# sensorlm-rs
A complete Rust implementation of **SensorLM** — *Learning the Language of Wearable Sensors* (NeurIPS 2025) — using the [Burn](https://burn.dev) deep-learning framework and the WGPU GPU backend.
---
## Table of contents
1. [What is SensorLM?](#what-is-sensorlm)
2. [Architecture](#architecture)
- [Sensor encoder (ViT-B/10/2)](#sensor-encoder)
- [Text encoder (Transformer-B)](#text-encoder)
- [Two-tower model](#two-tower-model)
- [SigLIP contrastive loss](#siglip-contrastive-loss)
3. [Caption generation pipeline](#caption-generation-pipeline)
- [Level 1 – Statistical](#level-1--statistical-captions)
- [Level 2 – Structural](#level-2--structural-captions)
- [Level 3 – Semantic](#level-3--semantic-captions)
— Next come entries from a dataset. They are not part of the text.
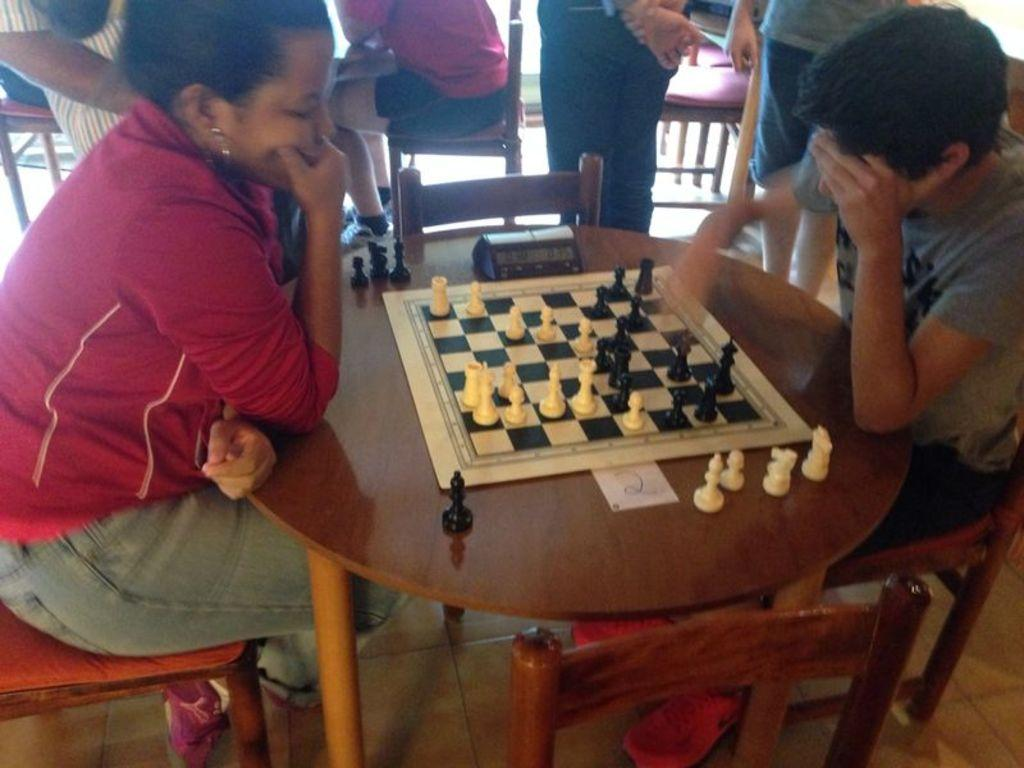How many people are in the image? There are two persons in the image. What are the persons doing in the image? The persons are sitting on chairs. What is in front of the chairs? There is a table in front of the chairs. What game is being played in the image? There are chess coins and a chess board in the image, indicating that they are playing chess. Can you describe the background of the image? There are people and chairs in the background of the image. What type of scent can be smelled coming from the houses in the image? There are no houses present in the image, so it is not possible to determine any scents. 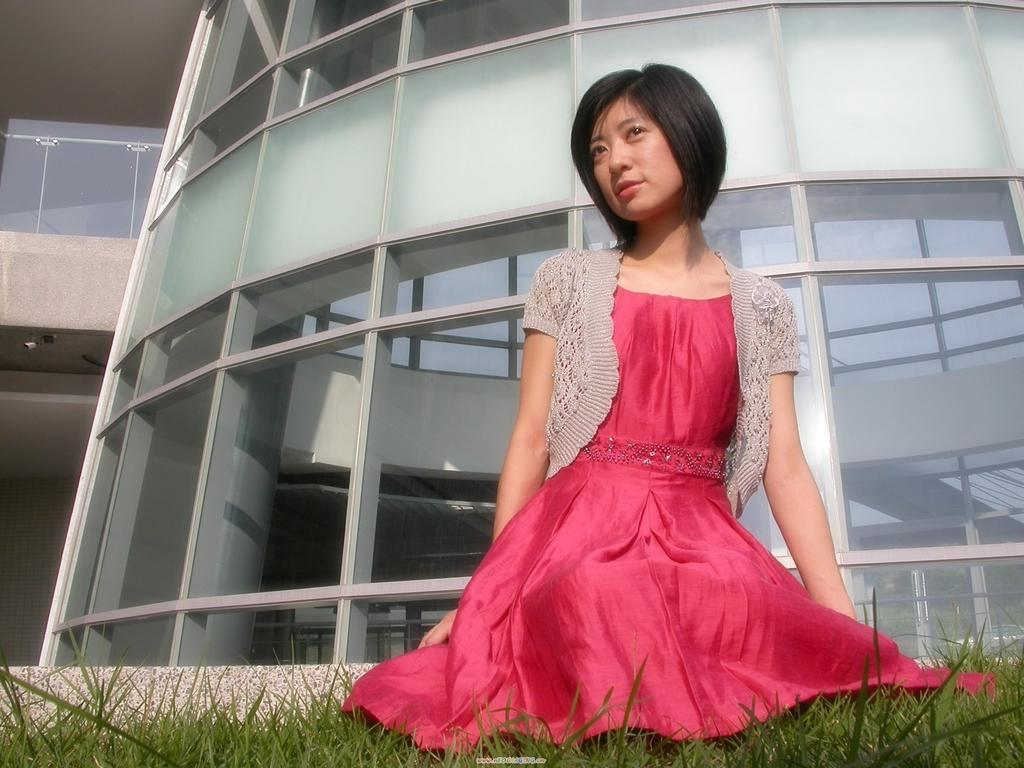Who is present in the image? There is a woman in the image. What type of surface is at the bottom of the image? There is grass at the bottom of the image. What can be seen in the distance in the image? There is a building in the background of the image. What object is visible in the image that might be used for drinking? There is a glass in the image. What color is the woman's eye in the image? The facts provided do not mention the color of the woman's eye, so we cannot determine the color from the image. 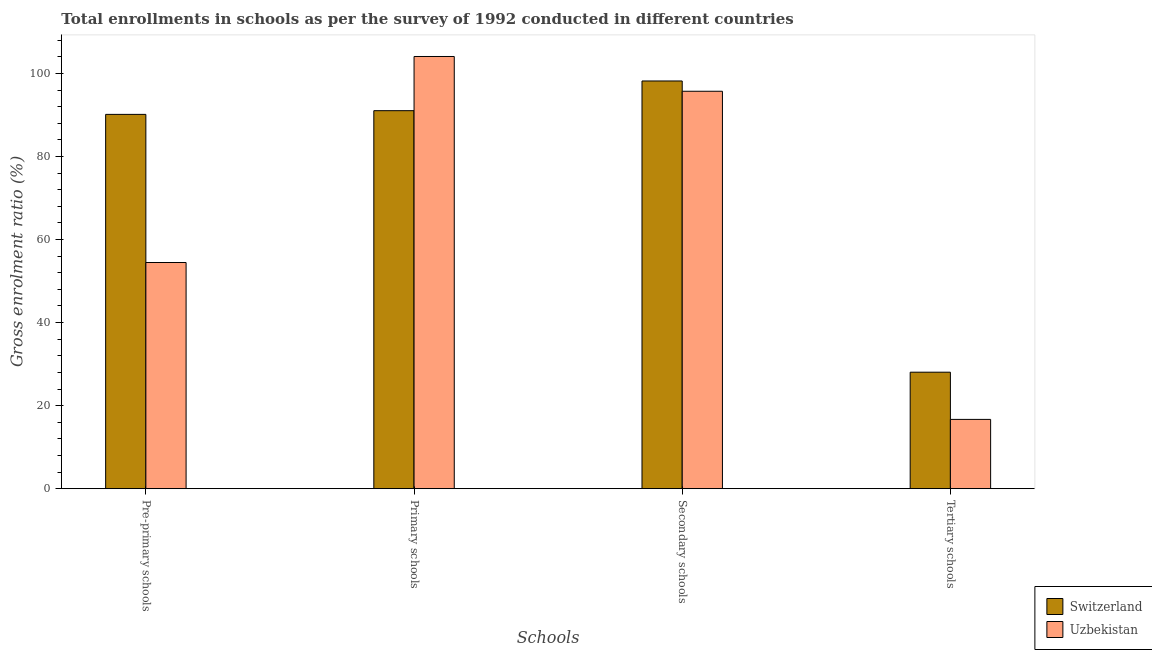How many bars are there on the 2nd tick from the left?
Ensure brevity in your answer.  2. What is the label of the 2nd group of bars from the left?
Your answer should be very brief. Primary schools. What is the gross enrolment ratio in secondary schools in Switzerland?
Keep it short and to the point. 98.2. Across all countries, what is the maximum gross enrolment ratio in primary schools?
Give a very brief answer. 104.1. Across all countries, what is the minimum gross enrolment ratio in primary schools?
Offer a very short reply. 91.04. In which country was the gross enrolment ratio in primary schools maximum?
Offer a terse response. Uzbekistan. In which country was the gross enrolment ratio in pre-primary schools minimum?
Provide a short and direct response. Uzbekistan. What is the total gross enrolment ratio in primary schools in the graph?
Keep it short and to the point. 195.14. What is the difference between the gross enrolment ratio in tertiary schools in Switzerland and that in Uzbekistan?
Your response must be concise. 11.37. What is the difference between the gross enrolment ratio in tertiary schools in Uzbekistan and the gross enrolment ratio in secondary schools in Switzerland?
Your response must be concise. -81.51. What is the average gross enrolment ratio in tertiary schools per country?
Offer a very short reply. 22.37. What is the difference between the gross enrolment ratio in secondary schools and gross enrolment ratio in pre-primary schools in Uzbekistan?
Keep it short and to the point. 41.25. In how many countries, is the gross enrolment ratio in secondary schools greater than 104 %?
Make the answer very short. 0. What is the ratio of the gross enrolment ratio in primary schools in Uzbekistan to that in Switzerland?
Offer a terse response. 1.14. Is the gross enrolment ratio in pre-primary schools in Switzerland less than that in Uzbekistan?
Give a very brief answer. No. What is the difference between the highest and the second highest gross enrolment ratio in primary schools?
Make the answer very short. 13.05. What is the difference between the highest and the lowest gross enrolment ratio in secondary schools?
Your response must be concise. 2.48. Is the sum of the gross enrolment ratio in secondary schools in Switzerland and Uzbekistan greater than the maximum gross enrolment ratio in pre-primary schools across all countries?
Keep it short and to the point. Yes. What does the 1st bar from the left in Pre-primary schools represents?
Offer a very short reply. Switzerland. What does the 1st bar from the right in Primary schools represents?
Your answer should be compact. Uzbekistan. How many bars are there?
Your response must be concise. 8. Are all the bars in the graph horizontal?
Offer a very short reply. No. How many countries are there in the graph?
Your response must be concise. 2. Does the graph contain any zero values?
Your answer should be compact. No. Does the graph contain grids?
Provide a succinct answer. No. How many legend labels are there?
Offer a terse response. 2. What is the title of the graph?
Make the answer very short. Total enrollments in schools as per the survey of 1992 conducted in different countries. Does "Algeria" appear as one of the legend labels in the graph?
Provide a short and direct response. No. What is the label or title of the X-axis?
Give a very brief answer. Schools. What is the Gross enrolment ratio (%) in Switzerland in Pre-primary schools?
Offer a very short reply. 90.15. What is the Gross enrolment ratio (%) in Uzbekistan in Pre-primary schools?
Offer a very short reply. 54.47. What is the Gross enrolment ratio (%) in Switzerland in Primary schools?
Make the answer very short. 91.04. What is the Gross enrolment ratio (%) of Uzbekistan in Primary schools?
Offer a terse response. 104.1. What is the Gross enrolment ratio (%) in Switzerland in Secondary schools?
Your answer should be very brief. 98.2. What is the Gross enrolment ratio (%) of Uzbekistan in Secondary schools?
Your response must be concise. 95.72. What is the Gross enrolment ratio (%) of Switzerland in Tertiary schools?
Offer a very short reply. 28.06. What is the Gross enrolment ratio (%) of Uzbekistan in Tertiary schools?
Provide a short and direct response. 16.69. Across all Schools, what is the maximum Gross enrolment ratio (%) of Switzerland?
Make the answer very short. 98.2. Across all Schools, what is the maximum Gross enrolment ratio (%) of Uzbekistan?
Your answer should be very brief. 104.1. Across all Schools, what is the minimum Gross enrolment ratio (%) in Switzerland?
Give a very brief answer. 28.06. Across all Schools, what is the minimum Gross enrolment ratio (%) of Uzbekistan?
Provide a short and direct response. 16.69. What is the total Gross enrolment ratio (%) of Switzerland in the graph?
Make the answer very short. 307.45. What is the total Gross enrolment ratio (%) in Uzbekistan in the graph?
Provide a short and direct response. 270.97. What is the difference between the Gross enrolment ratio (%) of Switzerland in Pre-primary schools and that in Primary schools?
Provide a succinct answer. -0.89. What is the difference between the Gross enrolment ratio (%) of Uzbekistan in Pre-primary schools and that in Primary schools?
Provide a short and direct response. -49.62. What is the difference between the Gross enrolment ratio (%) of Switzerland in Pre-primary schools and that in Secondary schools?
Give a very brief answer. -8.05. What is the difference between the Gross enrolment ratio (%) in Uzbekistan in Pre-primary schools and that in Secondary schools?
Your response must be concise. -41.25. What is the difference between the Gross enrolment ratio (%) of Switzerland in Pre-primary schools and that in Tertiary schools?
Ensure brevity in your answer.  62.09. What is the difference between the Gross enrolment ratio (%) of Uzbekistan in Pre-primary schools and that in Tertiary schools?
Keep it short and to the point. 37.79. What is the difference between the Gross enrolment ratio (%) in Switzerland in Primary schools and that in Secondary schools?
Give a very brief answer. -7.15. What is the difference between the Gross enrolment ratio (%) of Uzbekistan in Primary schools and that in Secondary schools?
Offer a terse response. 8.38. What is the difference between the Gross enrolment ratio (%) of Switzerland in Primary schools and that in Tertiary schools?
Offer a very short reply. 62.99. What is the difference between the Gross enrolment ratio (%) in Uzbekistan in Primary schools and that in Tertiary schools?
Provide a succinct answer. 87.41. What is the difference between the Gross enrolment ratio (%) in Switzerland in Secondary schools and that in Tertiary schools?
Offer a terse response. 70.14. What is the difference between the Gross enrolment ratio (%) of Uzbekistan in Secondary schools and that in Tertiary schools?
Ensure brevity in your answer.  79.03. What is the difference between the Gross enrolment ratio (%) in Switzerland in Pre-primary schools and the Gross enrolment ratio (%) in Uzbekistan in Primary schools?
Make the answer very short. -13.95. What is the difference between the Gross enrolment ratio (%) in Switzerland in Pre-primary schools and the Gross enrolment ratio (%) in Uzbekistan in Secondary schools?
Provide a succinct answer. -5.57. What is the difference between the Gross enrolment ratio (%) of Switzerland in Pre-primary schools and the Gross enrolment ratio (%) of Uzbekistan in Tertiary schools?
Your answer should be very brief. 73.46. What is the difference between the Gross enrolment ratio (%) in Switzerland in Primary schools and the Gross enrolment ratio (%) in Uzbekistan in Secondary schools?
Ensure brevity in your answer.  -4.68. What is the difference between the Gross enrolment ratio (%) of Switzerland in Primary schools and the Gross enrolment ratio (%) of Uzbekistan in Tertiary schools?
Offer a very short reply. 74.36. What is the difference between the Gross enrolment ratio (%) in Switzerland in Secondary schools and the Gross enrolment ratio (%) in Uzbekistan in Tertiary schools?
Ensure brevity in your answer.  81.51. What is the average Gross enrolment ratio (%) in Switzerland per Schools?
Offer a very short reply. 76.86. What is the average Gross enrolment ratio (%) in Uzbekistan per Schools?
Provide a short and direct response. 67.74. What is the difference between the Gross enrolment ratio (%) of Switzerland and Gross enrolment ratio (%) of Uzbekistan in Pre-primary schools?
Give a very brief answer. 35.68. What is the difference between the Gross enrolment ratio (%) of Switzerland and Gross enrolment ratio (%) of Uzbekistan in Primary schools?
Your answer should be compact. -13.05. What is the difference between the Gross enrolment ratio (%) in Switzerland and Gross enrolment ratio (%) in Uzbekistan in Secondary schools?
Your answer should be very brief. 2.48. What is the difference between the Gross enrolment ratio (%) in Switzerland and Gross enrolment ratio (%) in Uzbekistan in Tertiary schools?
Provide a succinct answer. 11.37. What is the ratio of the Gross enrolment ratio (%) in Switzerland in Pre-primary schools to that in Primary schools?
Provide a short and direct response. 0.99. What is the ratio of the Gross enrolment ratio (%) of Uzbekistan in Pre-primary schools to that in Primary schools?
Offer a very short reply. 0.52. What is the ratio of the Gross enrolment ratio (%) of Switzerland in Pre-primary schools to that in Secondary schools?
Offer a terse response. 0.92. What is the ratio of the Gross enrolment ratio (%) in Uzbekistan in Pre-primary schools to that in Secondary schools?
Keep it short and to the point. 0.57. What is the ratio of the Gross enrolment ratio (%) of Switzerland in Pre-primary schools to that in Tertiary schools?
Provide a short and direct response. 3.21. What is the ratio of the Gross enrolment ratio (%) in Uzbekistan in Pre-primary schools to that in Tertiary schools?
Your response must be concise. 3.26. What is the ratio of the Gross enrolment ratio (%) of Switzerland in Primary schools to that in Secondary schools?
Give a very brief answer. 0.93. What is the ratio of the Gross enrolment ratio (%) of Uzbekistan in Primary schools to that in Secondary schools?
Make the answer very short. 1.09. What is the ratio of the Gross enrolment ratio (%) of Switzerland in Primary schools to that in Tertiary schools?
Give a very brief answer. 3.25. What is the ratio of the Gross enrolment ratio (%) of Uzbekistan in Primary schools to that in Tertiary schools?
Make the answer very short. 6.24. What is the ratio of the Gross enrolment ratio (%) of Uzbekistan in Secondary schools to that in Tertiary schools?
Ensure brevity in your answer.  5.74. What is the difference between the highest and the second highest Gross enrolment ratio (%) in Switzerland?
Ensure brevity in your answer.  7.15. What is the difference between the highest and the second highest Gross enrolment ratio (%) of Uzbekistan?
Make the answer very short. 8.38. What is the difference between the highest and the lowest Gross enrolment ratio (%) in Switzerland?
Ensure brevity in your answer.  70.14. What is the difference between the highest and the lowest Gross enrolment ratio (%) in Uzbekistan?
Provide a short and direct response. 87.41. 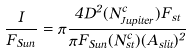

- [Caption variants](#caption-variants)
4. [Crate structure](#crate-structure)
5. [Quick start](#quick-start)
6. [Training](#training)
7. [Inference](#inference)
8. [Quantisation](#quantisation)
9. [Dataset download](#dataset-download)
10. [Configuration reference](#configuration-reference)
11. [Backend selection](#backend-selection)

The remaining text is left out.